In [1]:
import torch
import torch.nn as nn

 As described in the paper (for ResNet50), we prepare a convolution block such as 

 1x1,64 conv -> 3x3,64 conv -> 1x1,256 conv

 1x1, 3x3,... are the kernels used, 64,256,... is the number of channels

 The input and output of the block are the same size

 expansion for the last conv layer is 4 in each block

In [2]:
# ResNet50
class block(nn.Module):
    def __init__(self, in_channels, out_channels, identity_downsample=None, stride=1):
        super(block, self).__init__()
        self.expansion = 4
        self.conv1 = nn.Conv2d(in_channels, out_channels, kernel_size=1, stride=1, padding=0)
        self.bn1 = nn.BatchNorm2d(out_channels)
        self.conv2 = nn.Conv2d(out_channels, out_channels, kernel_size=3, stride=stride, padding=1)
        self.bn2 = nn.BatchNorm2d(out_channels)
        self.conv3 = nn.Conv2d(out_channels, out_channels*self.expansion, kernel_size=1, stride=1, padding=0)
        self.bn3 = nn.BatchNorm2d(out_channels*self.expansion)
        self.relu = nn.ReLU()
        # identity_downsample is used to match the dimensions main connection with skip connection
        self.identity_downsample = identity_downsample


    def forward(self,x):
        identity = x

        x = self.conv1(x)
        x = self.bn1(x)
        x = self.relu(x)
        x = self.conv2(x)
        x = self.bn2(x)
        x = self.relu(x)
        x = self.conv3(x)
        x = self.bn3(x)

    # identity_downsample will be used to perform the necessary downsample operation to ensure the dimensions match for the addition operation
        if self.identity_downsample is not None:
            identity = self.identity_downsample(identity)
        
        x += identity
        x = self.relu(x)
        return x

In [3]:
class ResNet(nn.Module):
    def __init__(self, block, layers, image_channels, num_classes):
    # layers is a list of how many times we want to repeat the block. 
    # For resnet50, layers = [3,4,6,3] as we have 4 blocks and each block has 3,4,6,3 times of repeating
        super(ResNet,self).__init__()
        self.in_channels = 64
        # Let's define the conv1 layer (Not resnet layer) as defined in paper
        self.conv1 = nn.Conv2d(image_channels, out_channels=64,kernel_size=7,stride=2,padding=3)
        self.bn1 = nn.BatchNorm2d(64)
        self.relu = nn.ReLU()
        self.maxpool = nn.MaxPool2d(kernel_size=3,stride=2,padding=1)

        # ResNet layers
        self.layer1 = self._make_layer(block, layers[0], out_channels=64, stride=1)
        self.layer2 = self._make_layer(block, layers[1], out_channels=128, stride=2)
        self.layer3 = self._make_layer(block, layers[2], out_channels=256, stride=2)
        self.layer4 = self._make_layer(block, layers[3], out_channels=512, stride=2)

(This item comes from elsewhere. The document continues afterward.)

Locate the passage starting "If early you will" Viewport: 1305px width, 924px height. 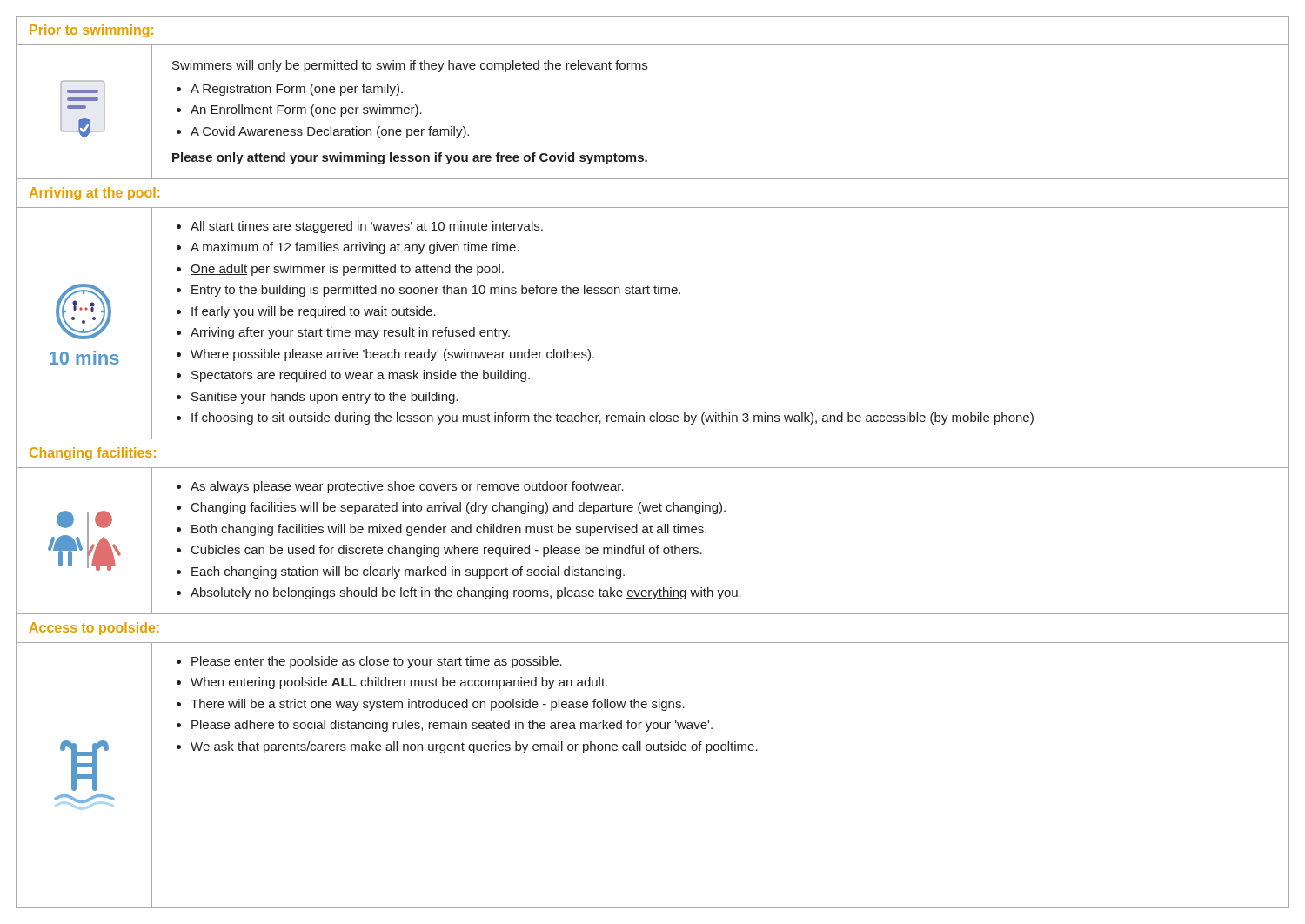click(313, 311)
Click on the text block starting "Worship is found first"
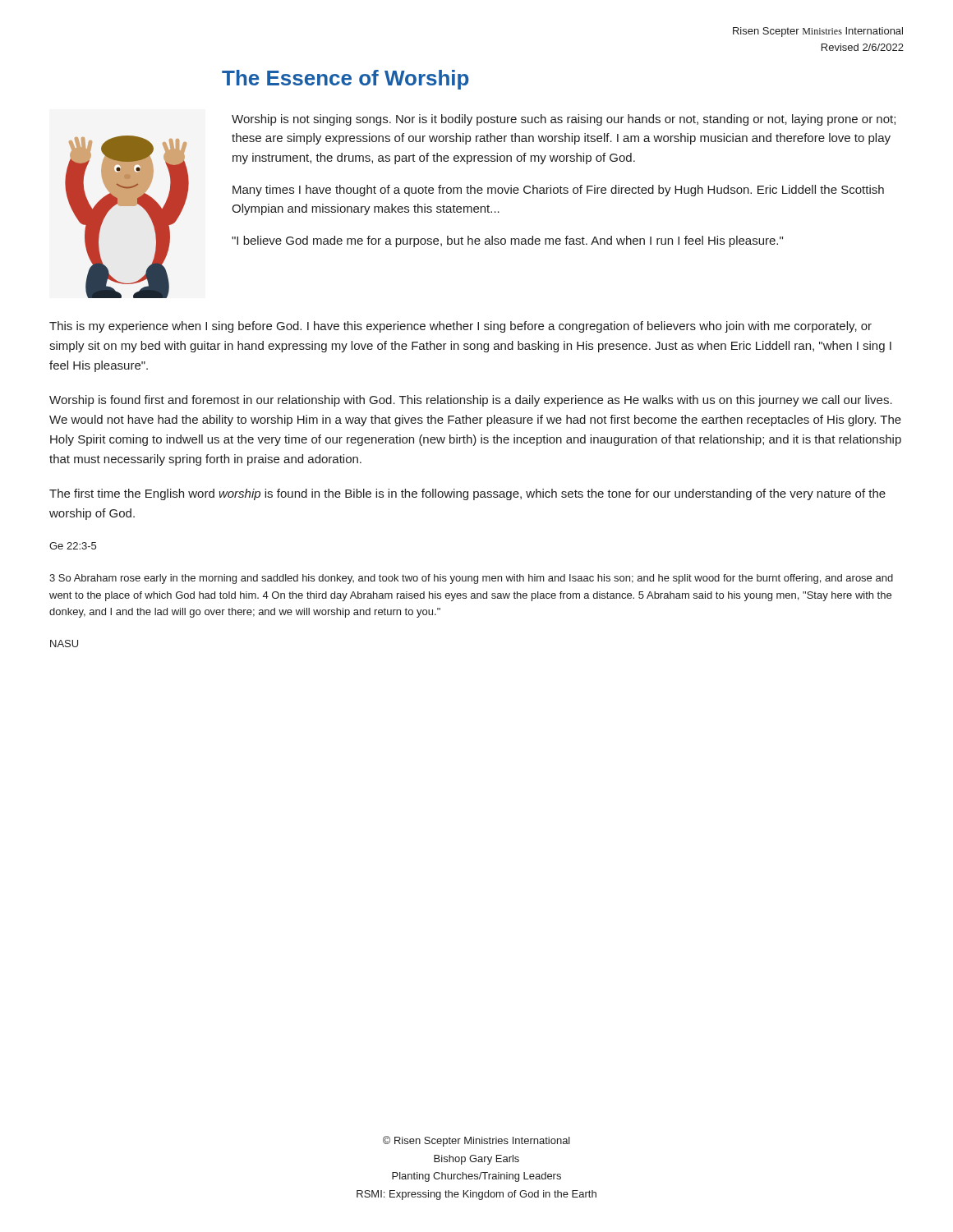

        self.avgpool = nn.AdaptiveAvgPool2d((1,1))
        self.fc = nn.Linear(512*4,num_classes)


    def forward(self,x):
        x = self.conv1(x)
        x = self.bn1(x)
        x = self.relu(x)
        x = self.maxpool(x)

        x = self.layer1(x)
        x = self.layer2(x)
        x = self.layer3(x)
        x = self.layer4(x)

        x = self.avgpool(x)
        x = x.reshape(x.shape[0],-1) # reshape to shape (batch_size, 512*4) to pass to fc layer
        x = self.fc(x)

        return x

    def _make_layer(self,block, num_residual_blocks, out_channels, stride):
        identity_downsample = None
        layers = []

        # Either if we half the input space for ex, 56x56 -> 28x28 (stride=2), or channels changes
        # we need to adapt the Identity (skip connection) so it will be able to be added
        # to the layer that's ahead

        if stride != 1 or self.in_channels != out_channels * 4:
            identity_downsample = nn.Sequential(nn.Conv2d(self.in_channels, out_channels*4, kernel_size=1, stride=stride),
                                                nn.BatchNorm2d(out_channels*4))
        
        layers.append(block(self.in_channels, out_channels, identity_downsample, stride)) 
        # Calls block class where 3 convs are present and at end, last out channels is multiplied by 4 so the in_channels for next block is 4 times the out_channels of previous block
        self.in_channels = out_channels * 4

        # For example for first resnet layer: we have 3 residual blocks, so first we append the 
        # 3 blocks to the layers module
        # Then, we pass the input through these blocks
        for i in range(num_residual_blocks - 1):
            layers.append(block(self.in_channels, out_channels))

        return nn.Sequential(*layers) 
    # *layers: to pass a list as a arguments, pytorch unpacks layers knowing each comes after another

In [4]:
def Resnet50(img_channels=3, num_classes=1000):
    # print("Resnet50",ResNet(block, [3,4,6,3], img_channels, num_classes))
    return ResNet(block, [3,4,6,3], img_channels, num_classes)


def Resnet101(img_channels=3, num_classes=1000):
    return ResNet(block, [3,4,23,3], img_channels, num_classes)


def Resnet152(img_channels=3, num_classes=1000):
    return ResNet(block, [3,8,36,3], img_channels, num_classes)



In [5]:
def tests():
    net = Resnet50()
    x = torch.randn(2,3,224,224)
    # print(net(x))
    y = net(x).to('cuda')
    print(y.shape)
tests()

torch.Size([2, 1000])